How to read the results?

The results can be counted in the Beckman scintillation counter (1 minute per sample, program45 or 20). It is critical to use completely dry filters and organize the samples/discs properly. This is usually done as follows:

  1. Place your filter on the grid of the disc-cutting device and cut out discs containing trapped labeled DNA. The device has wells that correspond to the wells of the 96 well plates.

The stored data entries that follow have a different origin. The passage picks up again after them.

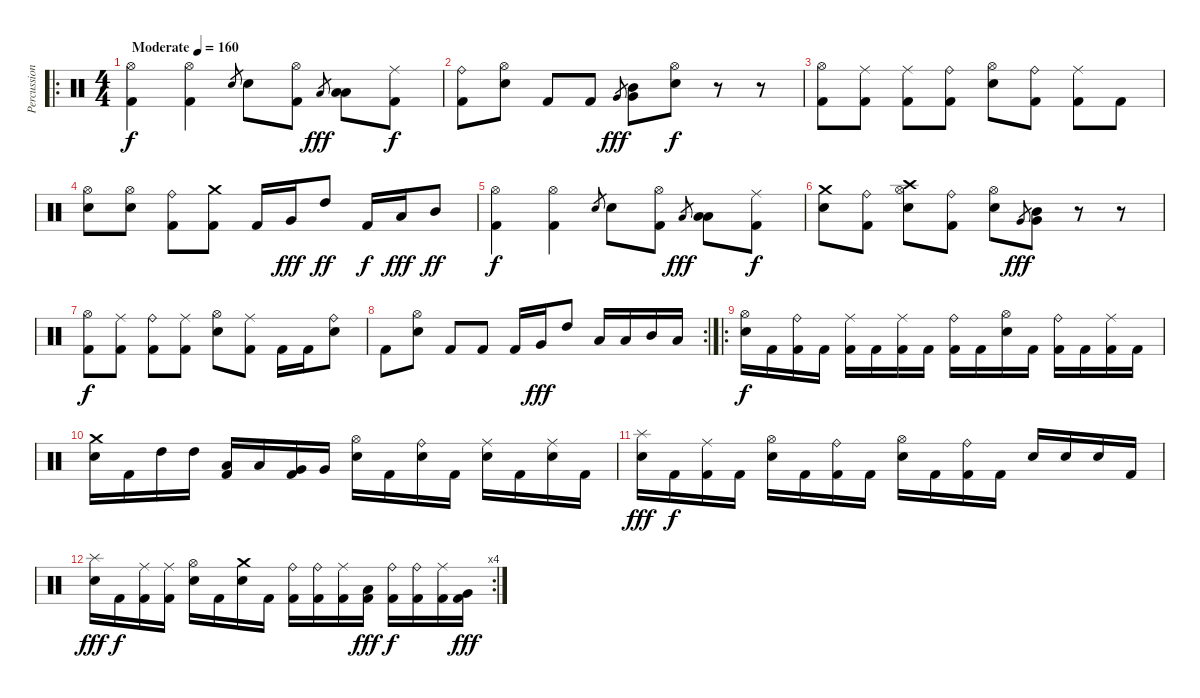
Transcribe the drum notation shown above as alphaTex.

\track ("Percussion" "Percussion") {instrument percussion}
\staff {score}
\articulation defaults
\ro
\ts (4 4)
\tempo (160 "Moderate")
\clef neutral
\ks c
("Hi-Hat (open)" "Kick (hit) 2").4{dy f} ("Hi-Hat (open)" "Kick (hit) 2").4 "Electric Snare (hit)".8{gr} "Electric Snare (hit)".8 ("Hi-Hat (open)" "Kick (hit) 2").8 "Low Floor Tom (hit)".8{gr dy fff} ("Low Floor Tom (hit)" "Low Tom (hit)").8 ("Ride (middle)" "Kick (hit) 2").8{dy f} |
("Ride (bell)" "Kick (hit) 2").8 ("Hi-Hat (open)" "Electric Snare (hit)").8 "Kick (hit) 2".8 "Kick (hit) 2".8 "Very Low Tom (hit)".8{gr dy fff} ("Very Low Tom (hit)" "Mid Tom (hit)").8 ("Hi-Hat (open)" "Electric Snare (hit)").8{dy f} r.8 r.8 |
("Hi-Hat (open)" "Kick (hit) 2").8 ("Ride (middle)" "Kick (hit) 2").8 ("Ride (middle)" "Kick (hit) 2").8 ("Ride (bell)" "Kick (hit) 2").8 ("Hi-Hat (open)" "Electric Snare (hit)").8 ("Ride (bell)" "Kick (hit) 2").8 ("Ride (middle)" "Kick (hit) 2").8 "Kick (hit) 2".8 |
("Hi-Hat (open)" "Electric Snare (hit)").8 ("Hi-Hat (open)" "Electric Snare (hit)").8 ("Ride (bell)" "Kick (hit) 2").8 ("Crash medium (hit)" "Kick (hit) 2").8 "Kick (hit) 2".16 "Very Low Tom (hit)".16{dy fff} "High Tom (hit)".8{dy ff} "Kick (hit) 2".16{dy f} "Low Floor Tom (hit)".16{dy fff} "Mid Tom (hit)".8{dy ff} |
("Hi-Hat (open)" "Kick (hit) 2").4{dy f} ("Hi-Hat (open)" "Kick (hit) 2").4 "Electric Snare (hit)".8{gr} "Electric Snare (hit)".8 ("Hi-Hat (open)" "Kick (hit) 2").8 "Low Floor Tom (hit)".8{gr dy fff} ("Low Floor Tom (hit)" "Low Tom (hit)").8 ("Ride (middle)" "Kick (hit) 2").8{dy f} |
("Crash medium (hit)" "Electric Snare (hit)").8 ("Ride (bell)" "Kick (hit) 2").8 ("Crash high (hit)" "Hi-Hat (open)" "Electric Snare (hit)").8 ("Ride (bell)" "Kick (hit) 2").8 ("Hi-Hat (open)" "Electric Snare (hit)").8 "Very Low Tom (hit)".8{gr dy fff} ("Very Low Tom (hit)" "Mid Tom (hit)").8 r.8 r.8 |
("Hi-Hat (open)" "Kick (hit) 2").8{dy f} ("Ride (middle)" "Kick (hit) 2").8 ("Ride (bell)" "Kick (hit) 2").8 ("Ride (middle)" "Kick (hit) 2").8 ("Hi-Hat (open)" "Electric Snare (hit)").8 ("Ride (middle)" "Kick (hit) 2").8 "Kick (hit) 2".16 "Kick (hit) 2".16 ("Ride (bell)" "Electric Snare (hit)").8 |
\rc 2 "Kick (hit) 2".8
("Hi-Hat (open)" "Electric Snare (hit)").8 "Kick (hit) 2".8 "Kick (hit) 2".8 "Kick (hit) 2".16 "Very Low Tom (hit)".16{dy fff} "High Tom (hit)".8 "Low Tom (hit)".16 "Low Floor Tom (hit)".16 "Mid Tom (hit)".16 "Low Tom (hit)".16 |
\ro
("Hi-Hat (open)" "Electric Snare (hit)").16{dy f} "Kick (hit) 2".16 ("Ride (bell)" "Kick (hit) 2").16 "Kick (hit) 2".16 ("Ride (middle)" "Kick (hit) 2").16 "Kick (hit) 2".16 ("Ride (middle)" "Kick (hit) 2").16 "Kick (hit) 2".16 ("Ride (bell)" "Kick (hit) 2").16 "Kick (hit) 2".16 ("Hi-Hat (open)" "Electric Snare (hit)").16 "Kick (hit) 2".16 ("Ride (bell)" "Kick (hit) 2").16 "Kick (hit) 2".16 ("Ride (middle)" "Kick (hit) 2").16 "Kick (hit) 2".16 |
("Crash medium (hit)" "Electric Snare (hit)").16 "Kick (hit) 2".16 "High Tom (hit)".16 "High Tom (hit)".16 ("Low Tom (hit)" "Kick (hit) 2").16 "Low Tom (hit)".16 ("Very Low Tom (hit)" "Kick (hit) 2").16 "Very Low Tom (hit)".16 ("Hi-Hat (open)" "Electric Snare (hit)").16 "Kick (hit) 2".16 ("Ride (bell)" "Electric Snare (hit)").16 "Kick (hit) 2".16 ("Ride (middle)" "Electric Snare (hit)").16 "Kick (hit) 2".16 ("Ride (middle)" "Electric Snare (hit)").16 "Kick (hit) 2".16 |
("Splash (hit)" "Electric Snare (hit)").16{dy fff} "Kick (hit) 2".16{dy f} ("Ride (middle)" "Kick (hit) 2").16 "Kick (hit) 2".16 ("Hi-Hat (open)" "Electric Snare (hit)").16 "Kick (hit) 2".16 ("Ride (bell)" "Kick (hit) 2").16 "Kick (hit) 2".16 ("Hi-Hat (open)" "Electric Snare (hit)").16 "Kick (hit) 2".16 ("Ride (bell)" "Kick (hit) 2").16 "Kick (hit) 2".16 "Electric Snare (hit)".16 "Electric Snare (hit)".16 "Electric Snare (hit)".16 "Kick (hit) 2".16 |
\rc 4
("Splash (hit)" "Electric Snare (hit)").16{dy fff} "Kick (hit) 2".16{dy f} ("Ride (middle)" "Kick (hit) 2").16 ("Ride (middle)" "Kick (hit) 2").16 ("Hi-Hat (open)" "Electric Snare (hit)").16 "Kick (hit) 2".16 ("Crash medium (hit)" "Electric Snare (hit)").16 "Kick (hit) 2".16 ("Ride (bell)" "Kick (hit) 2").16 ("Ride (bell)" "Kick (hit) 2").16 ("Ride (middle)" "Kick (hit) 2").16 ("Low Tom (hit)" "Kick (hit) 2").16{dy fff} ("Ride (bell)" "Kick (hit) 2").16{dy f} ("Ride (bell)" "Kick (hit) 2").16 ("Ride (middle)" "Kick (hit) 2").16 ("Very Low Tom (hit)" "Kick (hit) 2").16{dy fff}
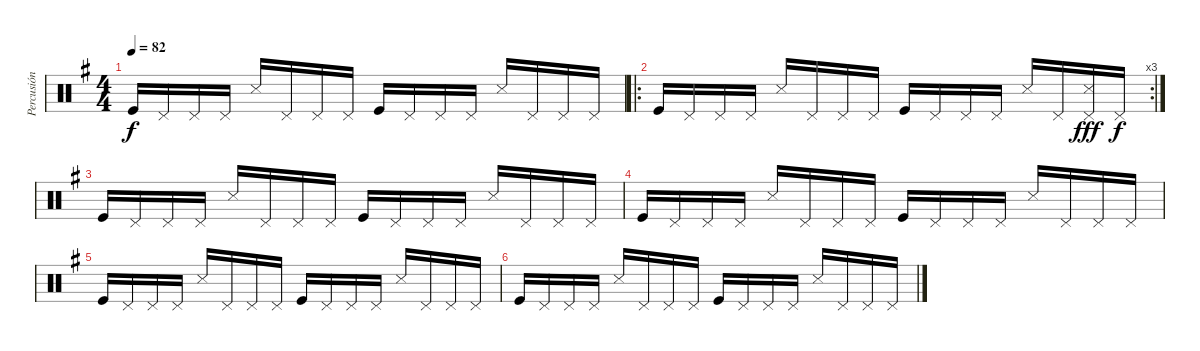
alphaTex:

\track ("Percusión" "Percusión") {instrument percussion}
\staff {score}
\articulation defaults
\ts (4 4)
\tempo 82
\clef neutral
\ks g "Kick (hit)".16{dy f} "Pedal Hi-Hat (hit)".16 "Pedal Hi-Hat (hit)".16 "Pedal Hi-Hat (hit)".16 "Snare (side stick) 3".16 "Pedal Hi-Hat (hit)".16 "Pedal Hi-Hat (hit)".16 "Pedal Hi-Hat (hit)".16 "Kick (hit)".16 "Pedal Hi-Hat (hit)".16 "Pedal Hi-Hat (hit)".16 "Pedal Hi-Hat (hit)".16 "Snare (side stick) 3".16 "Pedal Hi-Hat (hit)".16 "Pedal Hi-Hat (hit)".16 "Pedal Hi-Hat (hit)".16
|
\ro
\rc 3 "Kick (hit)".16 "Pedal Hi-Hat (hit)".16 "Pedal Hi-Hat (hit)".16 "Pedal Hi-Hat (hit)".16 "Snare (side stick) 3".16 "Pedal Hi-Hat (hit)".16 "Pedal Hi-Hat (hit)".16 "Pedal Hi-Hat (hit)".16 "Kick (hit)".16 "Pedal Hi-Hat (hit)".16 "Pedal Hi-Hat (hit)".16 "Pedal Hi-Hat (hit)".16 "Snare (side stick) 3".16 "Pedal Hi-Hat (hit)".16
("Pedal Hi-Hat (hit)" "Snare (side stick) 3").16{dy fff} "Pedal Hi-Hat (hit)".16{dy f} |
"Kick (hit)".16 "Pedal Hi-Hat (hit)".16 "Pedal Hi-Hat (hit)".16 "Pedal Hi-Hat (hit)".16 "Snare (side stick) 3".16 "Pedal Hi-Hat (hit)".16 "Pedal Hi-Hat (hit)".16 "Pedal Hi-Hat (hit)".16 "Kick (hit)".16 "Pedal Hi-Hat (hit)".16 "Pedal Hi-Hat (hit)".16 "Pedal Hi-Hat (hit)".16 "Snare (side stick) 3".16 "Pedal Hi-Hat (hit)".16 "Pedal Hi-Hat (hit)".16 "Pedal Hi-Hat (hit)".16 |
"Kick (hit)".16 "Pedal Hi-Hat (hit)".16 "Pedal Hi-Hat (hit)".16 "Pedal Hi-Hat (hit)".16 "Snare (side stick) 3".16 "Pedal Hi-Hat (hit)".16 "Pedal Hi-Hat (hit)".16 "Pedal Hi-Hat (hit)".16 "Kick (hit)".16 "Pedal Hi-Hat (hit)".16 "Pedal Hi-Hat (hit)".16 "Pedal Hi-Hat (hit)".16 "Snare (side stick) 3".16 "Pedal Hi-Hat (hit)".16 "Pedal Hi-Hat (hit)".16 "Pedal Hi-Hat (hit)".16 |
"Kick (hit)".16 "Pedal Hi-Hat (hit)".16 "Pedal Hi-Hat (hit)".16 "Pedal Hi-Hat (hit)".16 "Snare (side stick) 3".16 "Pedal Hi-Hat (hit)".16 "Pedal Hi-Hat (hit)".16 "Pedal Hi-Hat (hit)".16 "Kick (hit)".16 "Pedal Hi-Hat (hit)".16 "Pedal Hi-Hat (hit)".16 "Pedal Hi-Hat (hit)".16 "Snare (side stick) 3".16 "Pedal Hi-Hat (hit)".16 "Pedal Hi-Hat (hit)".16 "Pedal Hi-Hat (hit)".16 |
"Kick (hit)".16 "Pedal Hi-Hat (hit)".16 "Pedal Hi-Hat (hit)".16 "Pedal Hi-Hat (hit)".16 "Snare (side stick) 3".16 "Pedal Hi-Hat (hit)".16 "Pedal Hi-Hat (hit)".16 "Pedal Hi-Hat (hit)".16 "Kick (hit)".16 "Pedal Hi-Hat (hit)".16 "Pedal Hi-Hat (hit)".16 "Pedal Hi-Hat (hit)".16 "Snare (side stick) 3".16 "Pedal Hi-Hat (hit)".16 "Pedal Hi-Hat (hit)".16 "Pedal Hi-Hat (hit)".16

  2. Using designated tweezers transfer discs in an orderly way into pre-labeled 5 ml scintillation vials organized in blue racks (A1-H12).
  3. Dispense 5 ml of Cytoscint or another proper scintillation liquid such as "Ready-Safe" to vials using a mechanical dispenser (in the hood) and cap the vials tightly.
  4. Place the racks in the counter and set up the program to automatic counting on program 45 or 20
  5. Collect results and clean up the counter properly by discarding vials into waste container in radioactive room
  6. Enjoy your next Nature paper or Super Cell!